NORSE is a rare condition characterized by new onset of
refractory status epilepticus in a patient without epilepsy or another relevant
preexisting neurologic disorder, without a clear acute or active structural,
toxic, or metabolic cause.
“These are patients without any preexisting history of
epilepsy who [suddenly] go into status epilepticus,” said Jeffrey W. Britton,
MD, FAAN, professor of neurology at the Mayo Clinic in Rochester, MN, who was
not involved with the study. “The mortality and morbidity of refractory status
epilepticus is very high, and for survivors the functional consequences can be
significant.”
Between 20- and 30-percent of patients with NORSE do not
survive, and most survivors have lifelong epilepsy as well as significant
neurological sequelae, according to a study published earlier this year in
Epilepsia…
In the current study, three of the patients (43 percent) had
good or fair functional outcomes, defined as a having score greater than 3 on
the modified Rankin Scale at discharge and the use of antiepileptic drugs at
the last follow-up.
The study, led by Jin-Sun Jun, MD, professor of neurology at
the Kyungpook National University School of Medicine and colleagues at Seoul
National University Hospital in South Korea, found that some of those on
tocilizumab had severe adverse events, however. Two patients experienced
adverse events of grade 3 or higher: A 22-year-old man had pneumonia and a
19-year-old woman died after experiencing a worsening of preexisting sepsis.
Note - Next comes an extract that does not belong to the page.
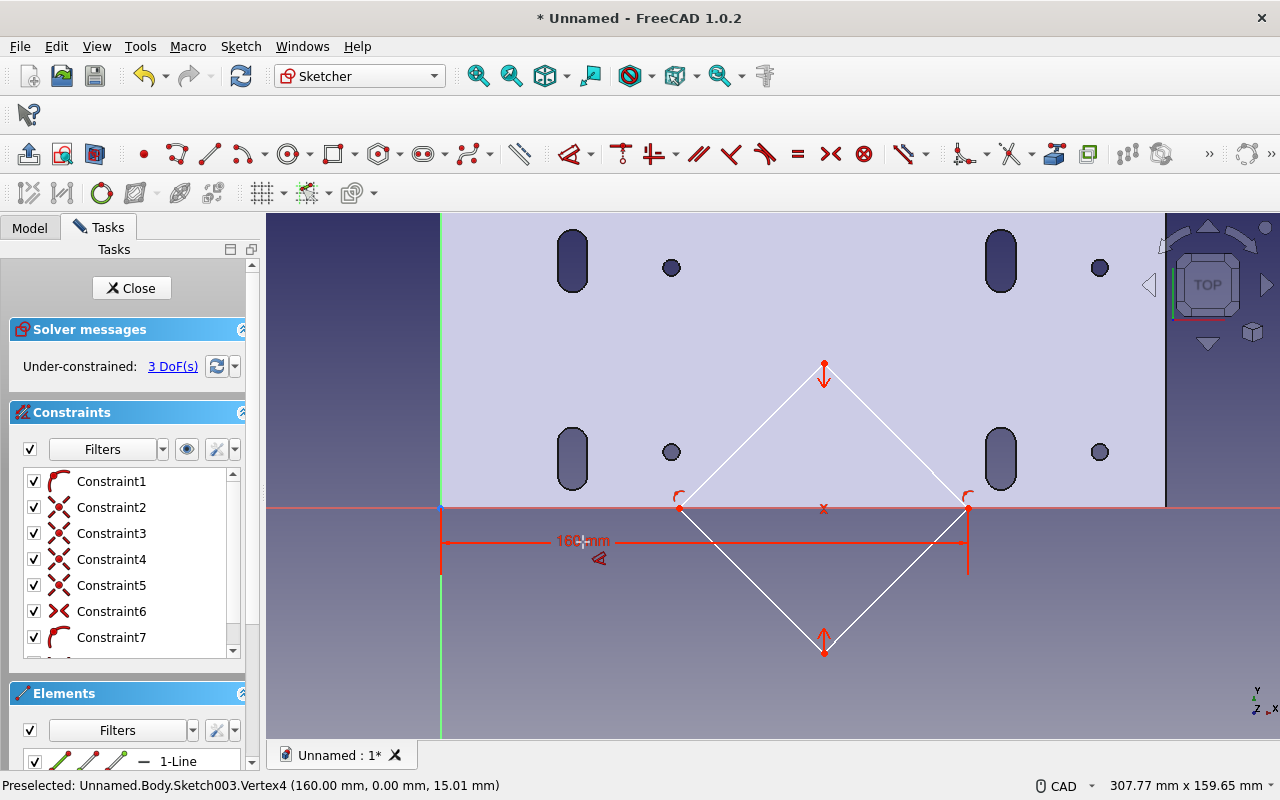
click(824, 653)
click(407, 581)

Other adverse events included leukopenia (grade 2, n=3) and diarrhea (grade 2,
n=1).
The authors acknowledged some significant limitations to the
study, including heterogeneity in both the patients' pretreatment histories and
the tocilizumab regimens they were given, which could limit the ability to
generalize based on their results.
The authors also noted that while three of the seven
patients had good or fair outcomes after discharge, those outcomes were not
better than those reported in a previous large case series reported in
Neurology in 2015…
Commenting on the study findings, Dr. Britton of the Mayo
Clinic pointed out that four of the seven patients in the case series had
significant elevations of interleukin-6, the target of tocilizumab, which
provides some potential mechanistic evidence as to why this particular drug may
have worked. He cited his own center's recent experience with a pediatric FIRES
patient refractory to standard treatment, whose analysis of cerebrospinal fluid
interleukin levels suggested a potential response to the IL-1 antagonist
anakinra (Kineret), a rheumatoid arthritis medication. “She responded well and
made an excellent recovery,” Dr. Britton said….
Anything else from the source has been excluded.